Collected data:
"""
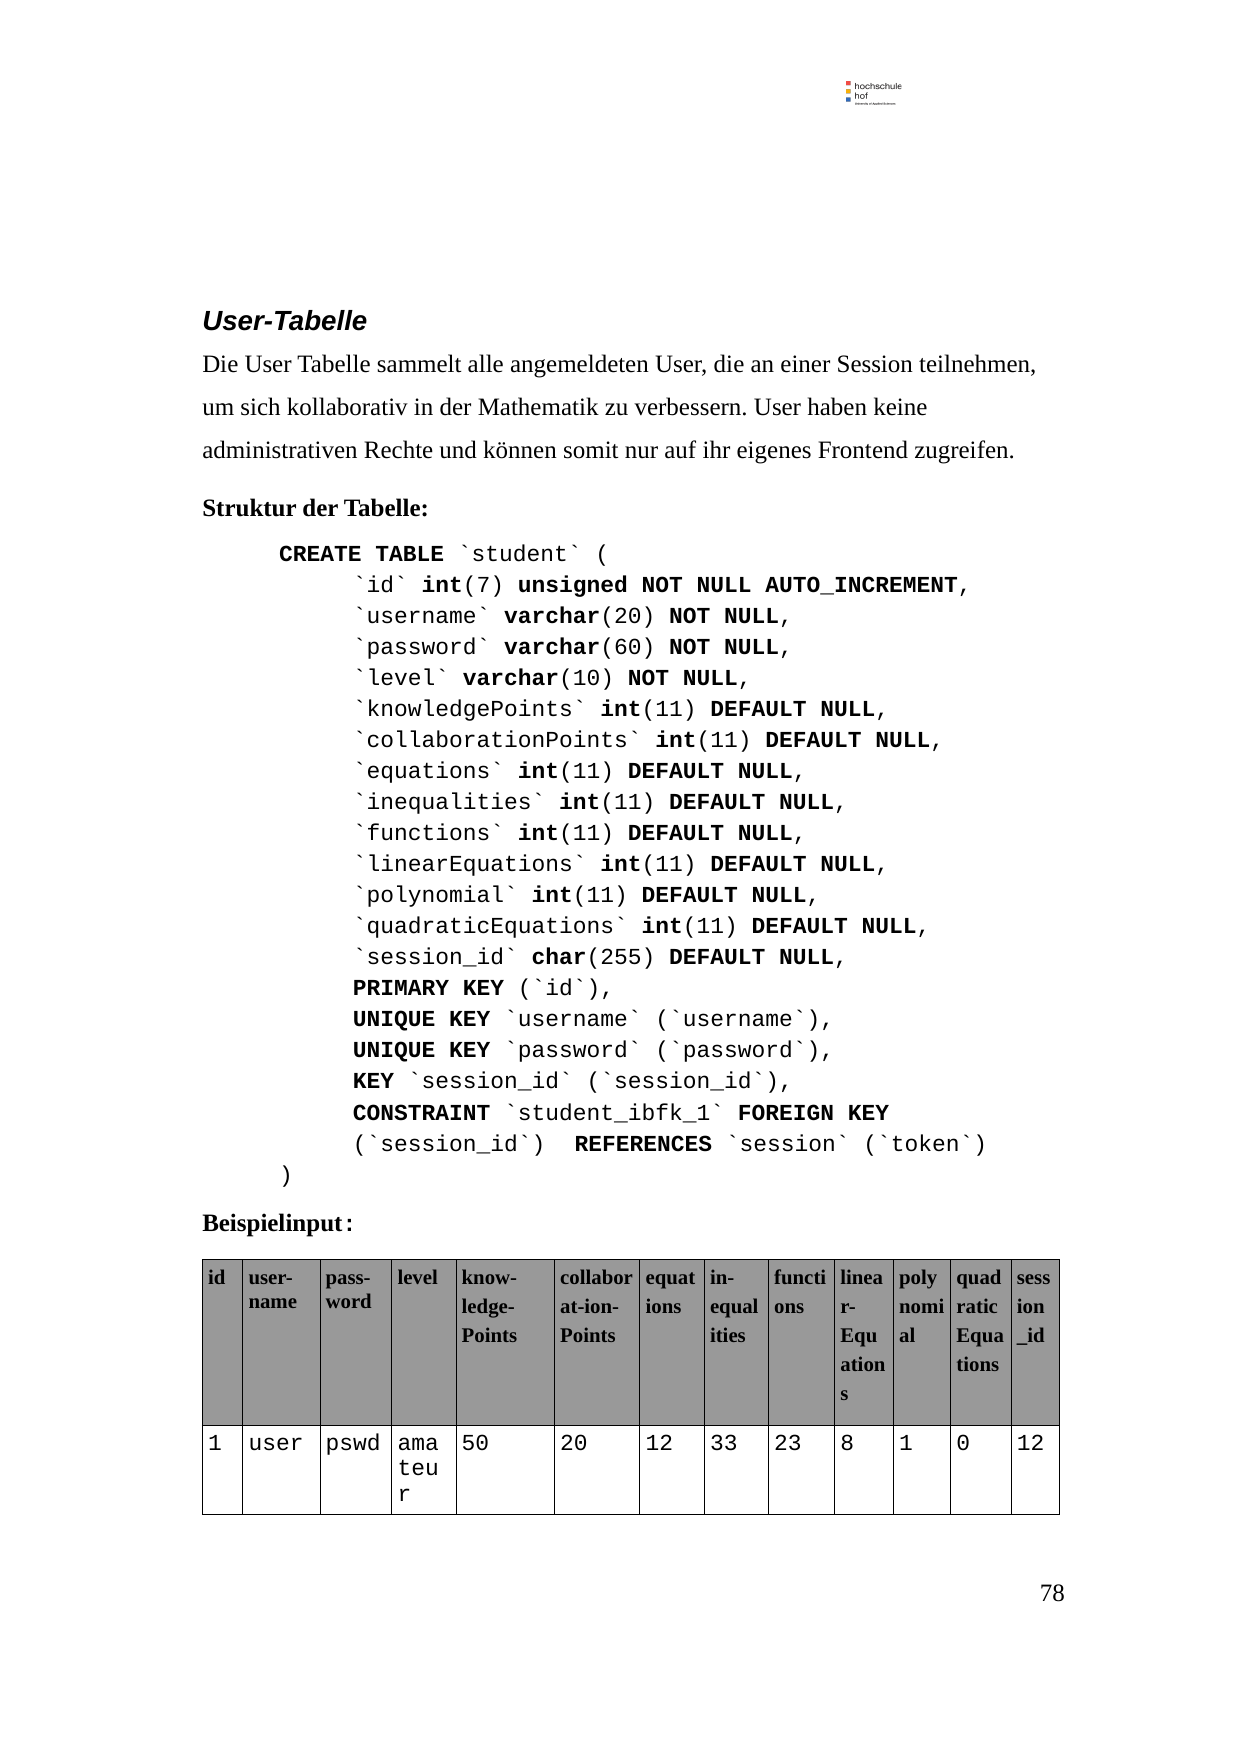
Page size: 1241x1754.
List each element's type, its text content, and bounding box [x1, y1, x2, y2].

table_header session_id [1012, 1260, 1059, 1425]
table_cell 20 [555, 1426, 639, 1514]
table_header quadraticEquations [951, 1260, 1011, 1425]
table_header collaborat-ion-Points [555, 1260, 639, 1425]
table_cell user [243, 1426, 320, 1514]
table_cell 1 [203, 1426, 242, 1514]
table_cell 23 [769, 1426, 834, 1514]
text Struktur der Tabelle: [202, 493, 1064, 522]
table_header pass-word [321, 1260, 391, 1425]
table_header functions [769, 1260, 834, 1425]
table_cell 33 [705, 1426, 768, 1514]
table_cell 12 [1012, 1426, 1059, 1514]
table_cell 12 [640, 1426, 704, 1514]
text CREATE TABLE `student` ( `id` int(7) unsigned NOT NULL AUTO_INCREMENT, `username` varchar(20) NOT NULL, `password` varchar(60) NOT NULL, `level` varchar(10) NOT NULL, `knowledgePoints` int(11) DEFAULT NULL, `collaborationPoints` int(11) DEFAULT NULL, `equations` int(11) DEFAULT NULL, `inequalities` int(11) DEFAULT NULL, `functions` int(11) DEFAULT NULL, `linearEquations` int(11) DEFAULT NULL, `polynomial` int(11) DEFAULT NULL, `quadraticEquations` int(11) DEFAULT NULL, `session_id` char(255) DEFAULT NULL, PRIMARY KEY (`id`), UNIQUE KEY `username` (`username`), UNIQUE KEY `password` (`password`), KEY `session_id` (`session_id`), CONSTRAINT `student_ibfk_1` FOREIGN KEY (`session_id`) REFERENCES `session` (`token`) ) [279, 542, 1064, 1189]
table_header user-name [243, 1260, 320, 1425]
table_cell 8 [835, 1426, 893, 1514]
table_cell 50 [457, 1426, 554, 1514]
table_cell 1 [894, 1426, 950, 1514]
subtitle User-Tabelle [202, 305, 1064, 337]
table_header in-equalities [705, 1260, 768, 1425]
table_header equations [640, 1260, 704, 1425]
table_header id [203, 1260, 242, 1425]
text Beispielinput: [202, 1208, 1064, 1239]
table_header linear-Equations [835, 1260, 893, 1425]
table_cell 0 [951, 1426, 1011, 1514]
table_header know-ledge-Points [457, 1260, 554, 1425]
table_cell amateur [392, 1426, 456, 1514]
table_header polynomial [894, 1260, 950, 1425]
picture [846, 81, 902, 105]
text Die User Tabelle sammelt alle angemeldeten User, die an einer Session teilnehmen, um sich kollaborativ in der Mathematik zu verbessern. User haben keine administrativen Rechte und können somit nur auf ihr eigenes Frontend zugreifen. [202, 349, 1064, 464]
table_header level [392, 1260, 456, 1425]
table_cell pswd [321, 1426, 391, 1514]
"""
Task item
What is needed is an exact printout of every record above, with the pictures left out.

Answer box
Page size: 1241x1754.
List each element's type, its text content, and bounding box [x1, y1, x2, y2].

table_header session_id [1012, 1260, 1059, 1425]
table_cell 20 [555, 1426, 639, 1514]
table_header quadraticEquations [951, 1260, 1011, 1425]
table_header collaborat-ion-Points [555, 1260, 639, 1425]
table_cell user [243, 1426, 320, 1514]
table_cell 1 [203, 1426, 242, 1514]
table_cell 23 [769, 1426, 834, 1514]
text Struktur der Tabelle: [202, 493, 1064, 522]
table_header pass-word [321, 1260, 391, 1425]
table_header functions [769, 1260, 834, 1425]
table_cell 33 [705, 1426, 768, 1514]
table_cell 12 [1012, 1426, 1059, 1514]
table_cell 12 [640, 1426, 704, 1514]
text CREATE TABLE `student` ( `id` int(7) unsigned NOT NULL AUTO_INCREMENT, `username` varchar(20) NOT NULL, `password` varchar(60) NOT NULL, `level` varchar(10) NOT NULL, `knowledgePoints` int(11) DEFAULT NULL, `collaborationPoints` int(11) DEFAULT NULL, `equations` int(11) DEFAULT NULL, `inequalities` int(11) DEFAULT NULL, `functions` int(11) DEFAULT NULL, `linearEquations` int(11) DEFAULT NULL, `polynomial` int(11) DEFAULT NULL, `quadraticEquations` int(11) DEFAULT NULL, `session_id` char(255) DEFAULT NULL, PRIMARY KEY (`id`), UNIQUE KEY `username` (`username`), UNIQUE KEY `password` (`password`), KEY `session_id` (`session_id`), CONSTRAINT `student_ibfk_1` FOREIGN KEY (`session_id`) REFERENCES `session` (`token`) ) [279, 542, 1064, 1189]
table_header user-name [243, 1260, 320, 1425]
table_cell 8 [835, 1426, 893, 1514]
table_cell 50 [457, 1426, 554, 1514]
table_cell 1 [894, 1426, 950, 1514]
subtitle User-Tabelle [202, 305, 1064, 337]
table_header in-equalities [705, 1260, 768, 1425]
table_header equations [640, 1260, 704, 1425]
table_header id [203, 1260, 242, 1425]
text Beispielinput: [202, 1208, 1064, 1239]
table_header linear-Equations [835, 1260, 893, 1425]
table_cell 0 [951, 1426, 1011, 1514]
table_header know-ledge-Points [457, 1260, 554, 1425]
table_cell amateur [392, 1426, 456, 1514]
table_header polynomial [894, 1260, 950, 1425]
picture [846, 81, 902, 105]
text Die User Tabelle sammelt alle angemeldeten User, die an einer Session teilnehmen, um sich kollaborativ in der Mathematik zu verbessern. User haben keine administrativen Rechte und können somit nur auf ihr eigenes Frontend zugreifen. [202, 349, 1064, 464]
table_header level [392, 1260, 456, 1425]
table_cell pswd [321, 1426, 391, 1514]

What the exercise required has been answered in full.